No diário The Independent, Mark Steel fala dessa mudança de abordagem. Para ele, Karl Marx está definitivamente na boca do povo, sendo que a maior parte dos jornais possuem artigos publicados sobre ele em suas seções de negócios. Soma-se a isso o fato de que as vendas da bíblia comunista, "O Capital", "atingiram um pico histórico". E isso não se deve somente à raiva do cidadão comum aos "gurus" da economia liberal, que levaram meio mundo a uma crise sem precedentes. Deve-se também, segundo afirma, às análises de Marx sobre o capitalismo, principalmente a sua proposição de que tal modo de produção vive crises cíclicas.

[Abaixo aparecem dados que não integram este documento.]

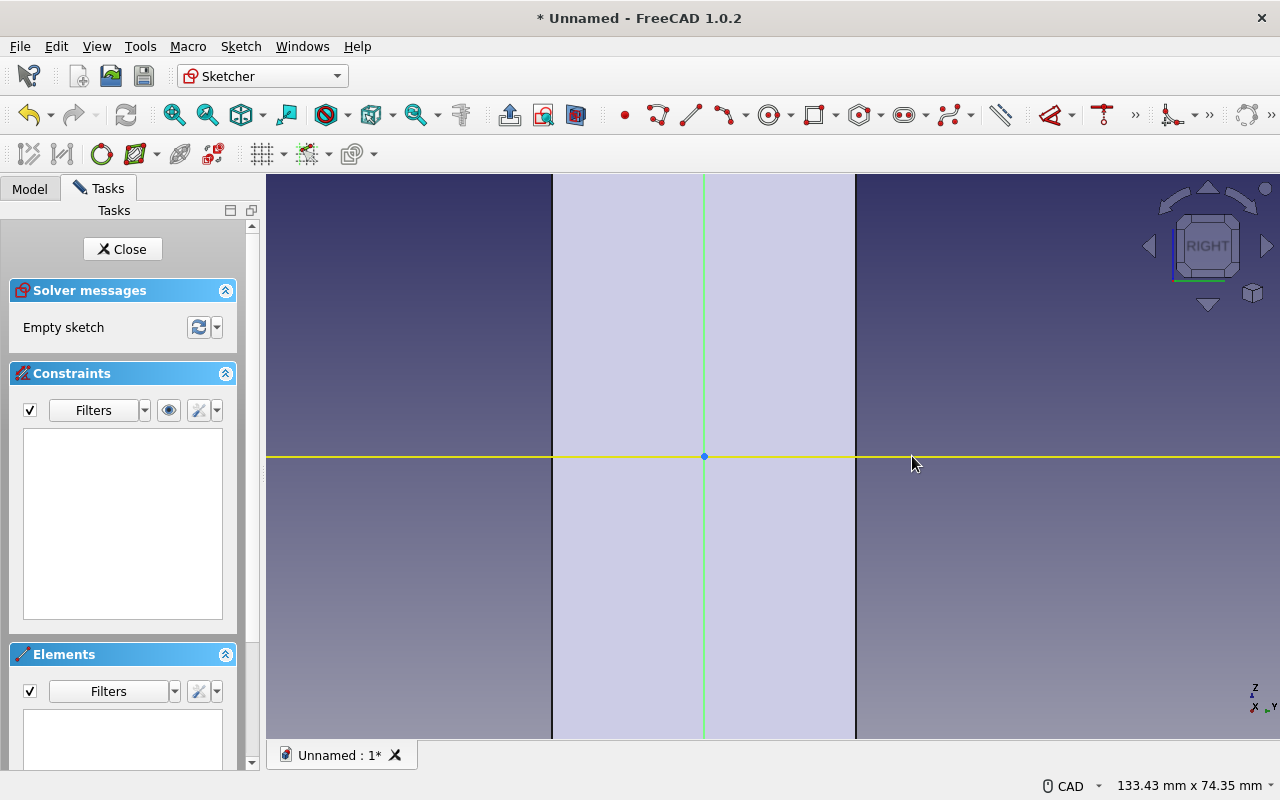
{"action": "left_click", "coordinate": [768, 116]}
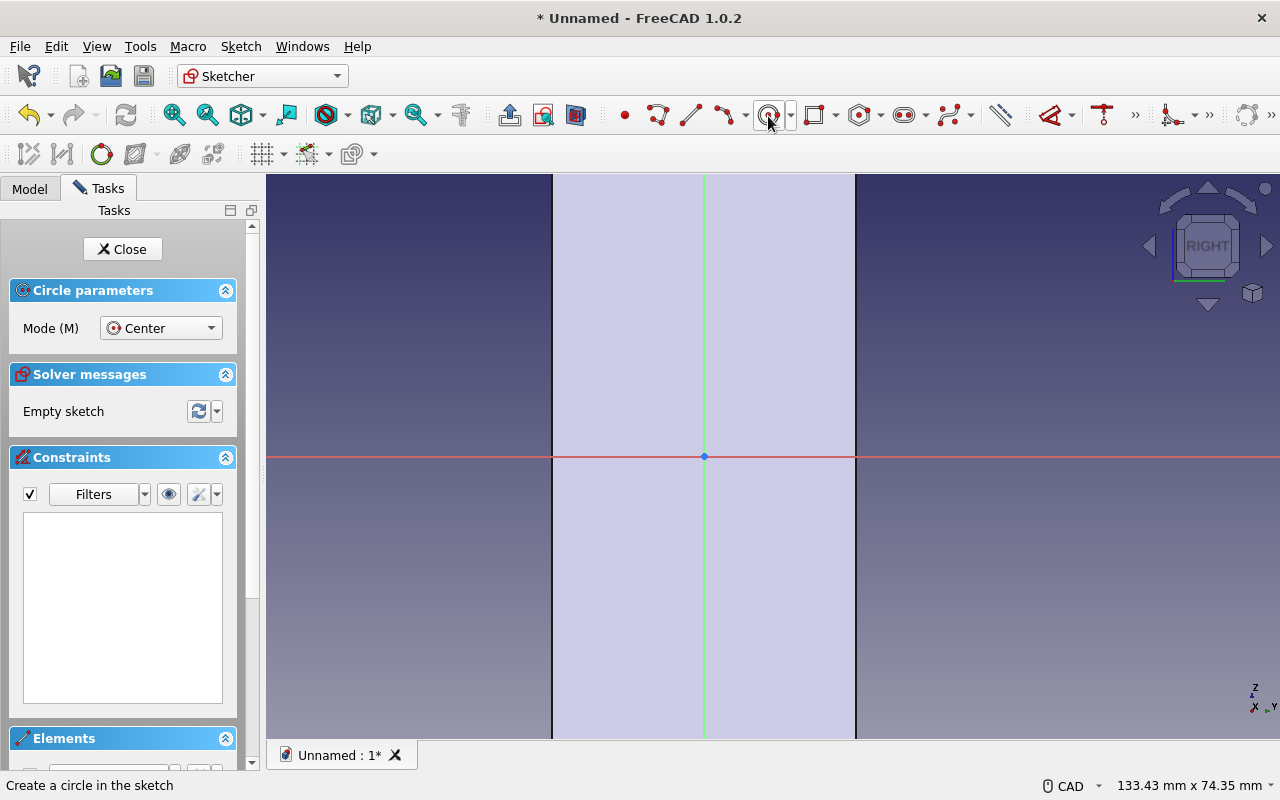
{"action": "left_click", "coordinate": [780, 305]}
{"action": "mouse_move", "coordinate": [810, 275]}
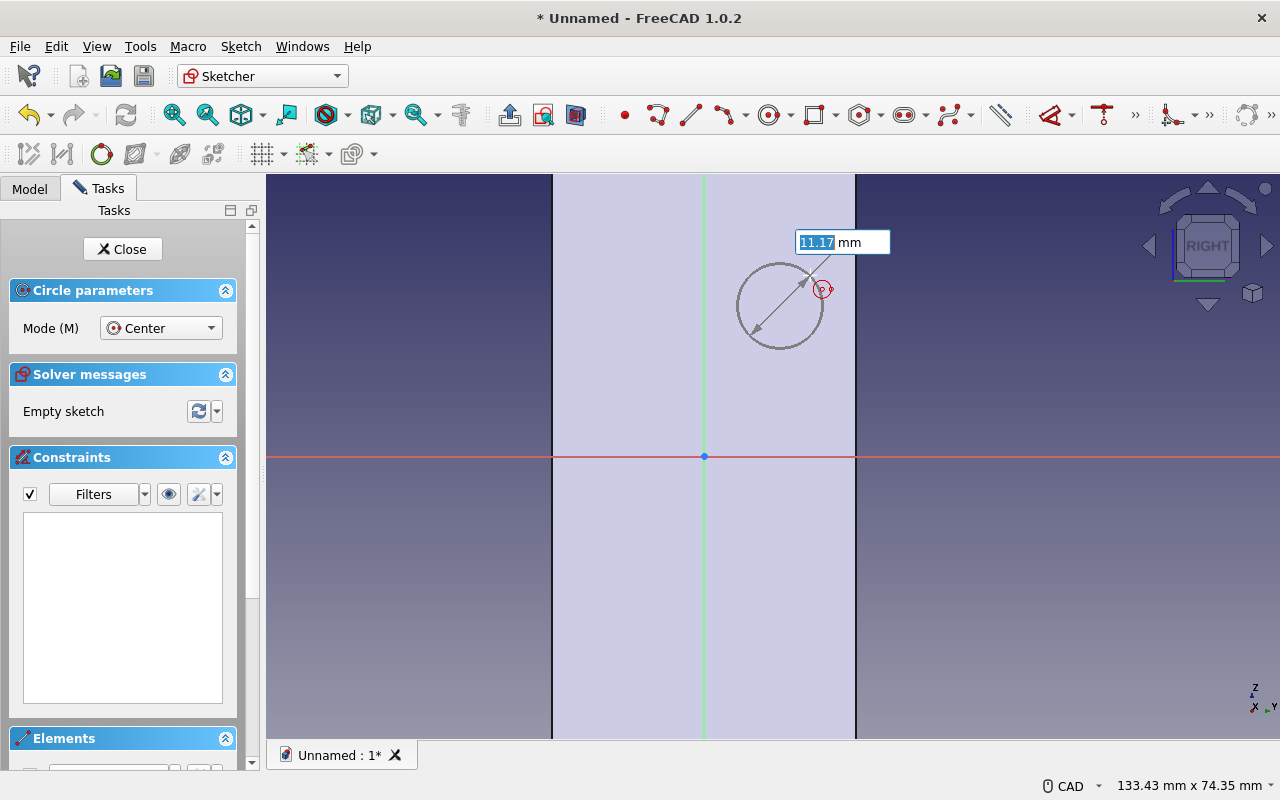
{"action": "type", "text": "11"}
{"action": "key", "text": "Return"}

Na mesma linha de ressurgimento, o tradicional periódico inglês, o "The Times", nos pergunta: "Será que Marx realmente acertou na mosca?". Em seu artigo, Philip Collins nos conta sobre diversas evidências que levam todos a afirmar e reafirmar a ressurreição de Marx, tais como os 40.000 peregrinos que ano passado se encaminharam à pequena cidade de Trier, cidade onde o pensador alemão nasceu, em 1818, e as edições de "O Capital" que "voam" das prateleiras nas livrarias, "como nunca antes na história, apesar de não ser um livro de fácil leitura". Mas o artigo, com tendência conservadora, pontua também o quanto ainda estamos longe do que o autor de "O Manifesto Comunista" imaginou para o fim do capitalismo. Apesar da crise, aponta Collins, o capitalismo está longe de acabar. O artigo traz também opiniões distintas de pensadores de esquerda, como Martin Jacques, Eric Hobsbawn, Frank Furedi, entre outros.

Mas quem adiantou mesmo o ressurgimento de Karl Marx foi a revista The New Yorker que, em 1997, já o apontava com um "novo pensador". A reportagem trazia uma curiosa confidência de um analista de mercado que dizia "quanto mais tempo passo em Wall Street, mais me convenço que Marx estava certo". Não satisfeito, ele ainda acrescentava, para assombro do repórter: "Há um prêmio Nobel esperando para o economista que ressuscitar Marx e colocá-lo num modelo coerente com o nosso tempo", mostrando-se realmente convencido de que a análise do pensador alemão era a melhor maneira de olhar para o capitalismo.